I have a YS624 for sale. I purchased a house and the previous owner left it in the garage. He left gas in the tank and it won't start. I have both original keys. I purchased a Cub Cadet because I can't get anyone to work on it locally. I'm asking $200 which based on other forums here, seems to be a fair asking price. I'm located in Grand Rapids, MI and whoever wants it would need to arrange transportation. I'm not mechanically inclined, I prefer electronics, so I have no idea if it has any other issues besides having the gas left in it. I can take more pictures if you have specific questions. I can tell you it has the metal gas tank, not the plastic one, and as you can see from the picture it has the tracks, not the wheels. It does NOT have the headlight on it, but it does have the wiring for it. Also, you can shift through all the gears with no issue, as I've read sometimes those stick. If you have any other questions, please post a message here or send me a message and I will answer as much as I know. Thanks.


----------



## leonz (Dec 12, 2014)

That is going to be a hard sell with the augers worn than much.


----------



## YSHSfan (Jun 25, 2014)

$200 is definitely a fair price. Tracks seem in pretty good condition. Augers look worn but not that bad. Shifting easy thru the gears is a plus. Body doesn't look badly rusted and rust inside auger housing is not terrible.


Good luck with the sale (if it was in my area I probably wouldn't hesitate on grabbing it).


----------



## Tonamy76 (Dec 18, 2016)

I already have my Cub Cadet so this is more of a clean out the garage and hope someone can get some use out of it before this winter sale. I know it's hard to find parts for them, but you can also interchange Honda stuff. That's mostly from reading here. I'll leave this post up for a little while since I know there's a lot of people on the site who are snowblower mechanic hobbyist people. I didn't list it on Craigslist or anything. I'm always open to "fair" offers but this isn't a barnburner item for me.


----------



## cpchriste (Jan 19, 2014)

Seems like a fair price for what it is right now, especially if it runs. Why are the shear pins protruding?
You may have to wait a couple months for any interest.


----------



## Tonamy76 (Dec 18, 2016)

I have no idea what shear pins are. I purchased my house from an older couple that was ready to leave Michigan and retire to Arizona and he left everything in the garage. Table saws, lawn mower, snowblower, just a bunch of stuff. This thing has never run. He left gas in it, which from what i've read, makes you need to clean the fuel lines and carburetor. I listed it early in case someone was looking for a project they could fix before the snow comes. I can't get any shop locally to work on it.


----------



## nwcove (Mar 2, 2015)

If you can deliver......i will pay the full asking price !! :wink2:


----------



## RedOctobyr (Mar 2, 2014)

cpchriste said:


> Seems like a fair price for what it is right now, especially if it runs. Why are the shear pins protruding?

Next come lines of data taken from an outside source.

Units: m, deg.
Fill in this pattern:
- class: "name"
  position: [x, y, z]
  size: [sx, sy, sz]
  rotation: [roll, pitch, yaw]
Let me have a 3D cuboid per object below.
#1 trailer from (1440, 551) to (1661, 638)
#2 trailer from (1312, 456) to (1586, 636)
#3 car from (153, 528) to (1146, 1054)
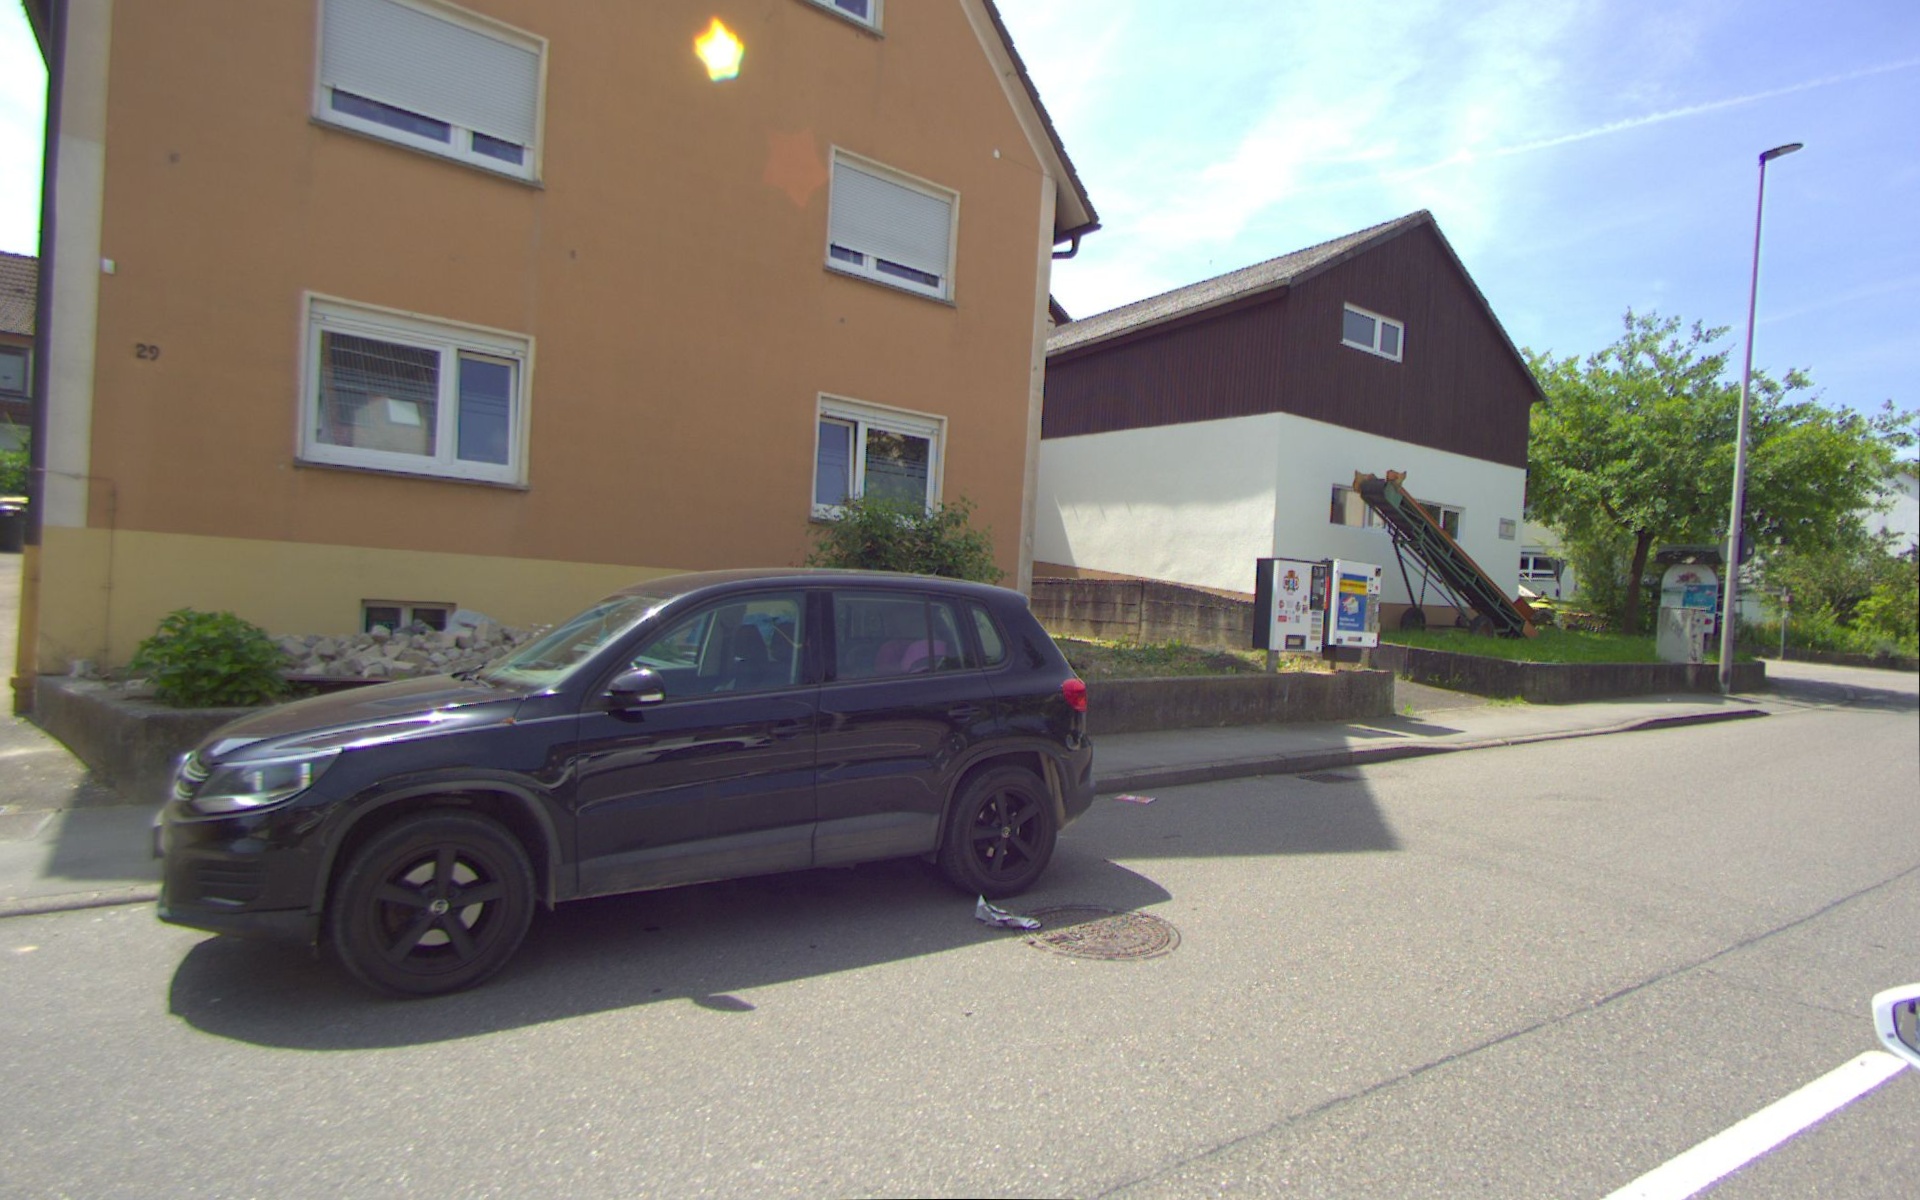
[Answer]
- class: "trailer"
  position: [13.609, -0.202, 23.474]
  size: [2.713, 1.714, 3.703]
  rotation: [3, 3, -6]
- class: "trailer"
  position: [9.229, -0.840, 18.672]
  size: [6.111, 2.887, 1.701]
  rotation: [1, 1, -35]
- class: "car"
  position: [-1.233, 0.635, 5.080]
  size: [4.242, 1.658, 1.758]
  rotation: [1, 0, -34]

Looks to me like they were replaced with regular, extra-long bolts.


----------



## vinnycom (Nov 6, 2017)

more than likely all it needed was to clean the carb, minimal tools or knowledge needed and some carb clean spray, plenty of vids on howto and this forum to ask


----------



## tdipaul (Jul 11, 2015)

Tonamy76 said:


> I have no idea what shear pins are. I purchased my house from an older couple that was ready to leave Michigan and retire to Arizona and he left everything in the garage. Table saws, lawn mower, snowblower, just a bunch of stuff. This thing has never run. He left gas in it, which from what i've read, makes you need to clean the fuel lines and carburetor. I listed it early in case someone was looking for a project they could fix before the snow comes. I can't get any shop locally to work on it.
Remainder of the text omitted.